Records from a data source |
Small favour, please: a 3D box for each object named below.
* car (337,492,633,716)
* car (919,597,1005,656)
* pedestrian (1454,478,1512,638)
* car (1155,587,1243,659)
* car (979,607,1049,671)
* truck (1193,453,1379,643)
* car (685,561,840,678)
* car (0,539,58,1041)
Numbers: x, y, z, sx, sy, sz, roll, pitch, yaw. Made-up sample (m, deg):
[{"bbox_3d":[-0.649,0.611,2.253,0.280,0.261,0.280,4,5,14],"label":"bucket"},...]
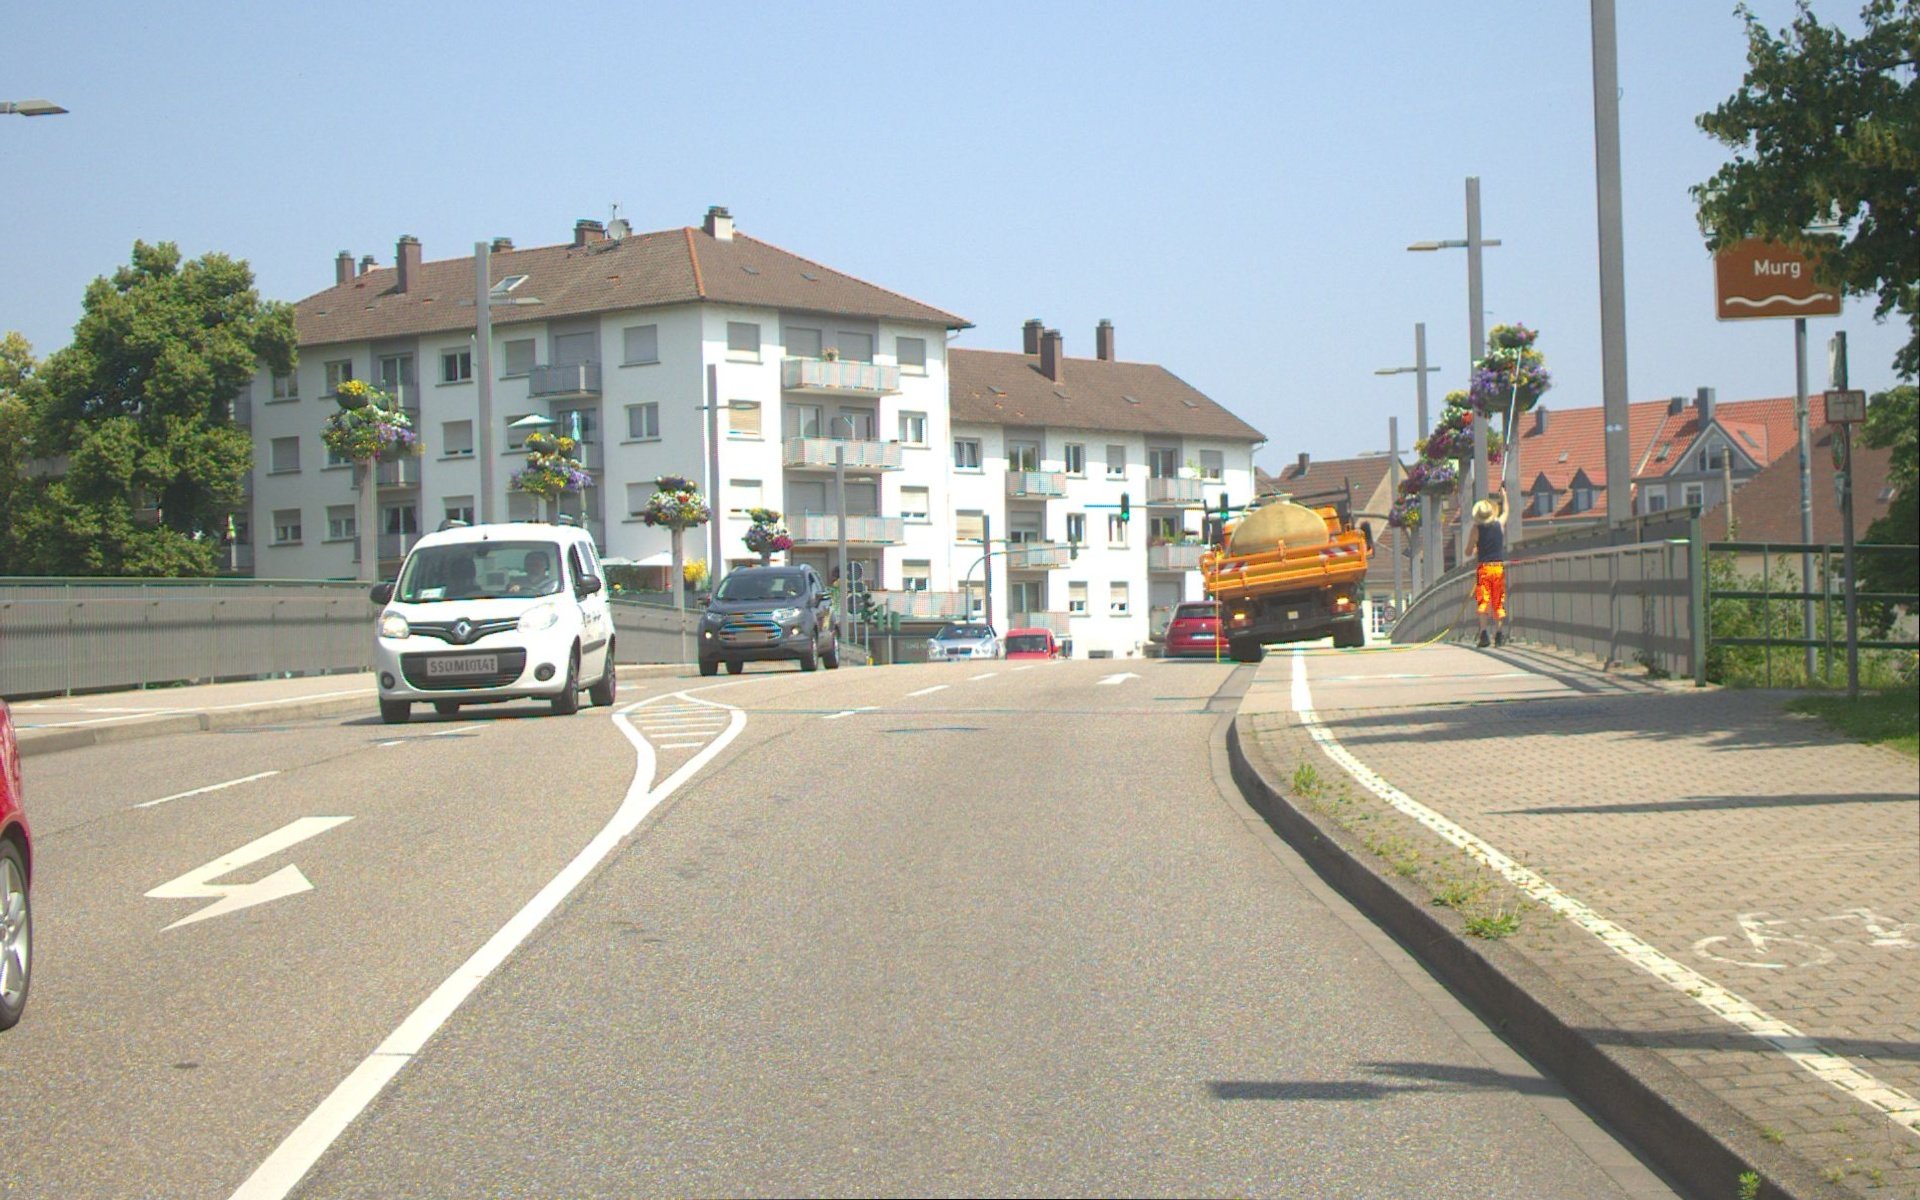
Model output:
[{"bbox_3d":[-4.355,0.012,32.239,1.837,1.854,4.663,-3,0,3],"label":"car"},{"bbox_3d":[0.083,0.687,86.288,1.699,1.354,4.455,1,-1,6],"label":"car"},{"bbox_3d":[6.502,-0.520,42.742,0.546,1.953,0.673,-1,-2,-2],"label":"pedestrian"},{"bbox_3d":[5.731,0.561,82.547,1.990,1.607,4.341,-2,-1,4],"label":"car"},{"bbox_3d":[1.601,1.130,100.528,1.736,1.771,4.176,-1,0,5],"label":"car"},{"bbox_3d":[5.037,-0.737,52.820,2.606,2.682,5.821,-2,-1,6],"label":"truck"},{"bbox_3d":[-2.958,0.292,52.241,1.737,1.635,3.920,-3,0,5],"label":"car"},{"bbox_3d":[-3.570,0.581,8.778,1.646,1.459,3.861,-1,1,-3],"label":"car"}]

PROBLEM REQUIREMENTS | Each record above, in full: return it exactly, pictures excluded.

RESPONSE |
Small favour, please: a 3D box for each object named below.
* car (337,492,633,716)
* car (919,597,1005,656)
* pedestrian (1454,478,1512,638)
* car (1155,587,1243,659)
* car (979,607,1049,671)
* truck (1193,453,1379,643)
* car (685,561,840,678)
* car (0,539,58,1041)
Numbers: x, y, z, sx, sy, sz, roll, pitch, yaw. Made-up sample (m, deg):
[{"bbox_3d":[-0.649,0.611,2.253,0.280,0.261,0.280,4,5,14],"label":"bucket"},...]
Model output:
[{"bbox_3d":[-4.355,0.012,32.239,1.837,1.854,4.663,-3,0,3],"label":"car"},{"bbox_3d":[0.083,0.687,86.288,1.699,1.354,4.455,1,-1,6],"label":"car"},{"bbox_3d":[6.502,-0.520,42.742,0.546,1.953,0.673,-1,-2,-2],"label":"pedestrian"},{"bbox_3d":[5.731,0.561,82.547,1.990,1.607,4.341,-2,-1,4],"label":"car"},{"bbox_3d":[1.601,1.130,100.528,1.736,1.771,4.176,-1,0,5],"label":"car"},{"bbox_3d":[5.037,-0.737,52.820,2.606,2.682,5.821,-2,-1,6],"label":"truck"},{"bbox_3d":[-2.958,0.292,52.241,1.737,1.635,3.920,-3,0,5],"label":"car"},{"bbox_3d":[-3.570,0.581,8.778,1.646,1.459,3.861,-1,1,-3],"label":"car"}]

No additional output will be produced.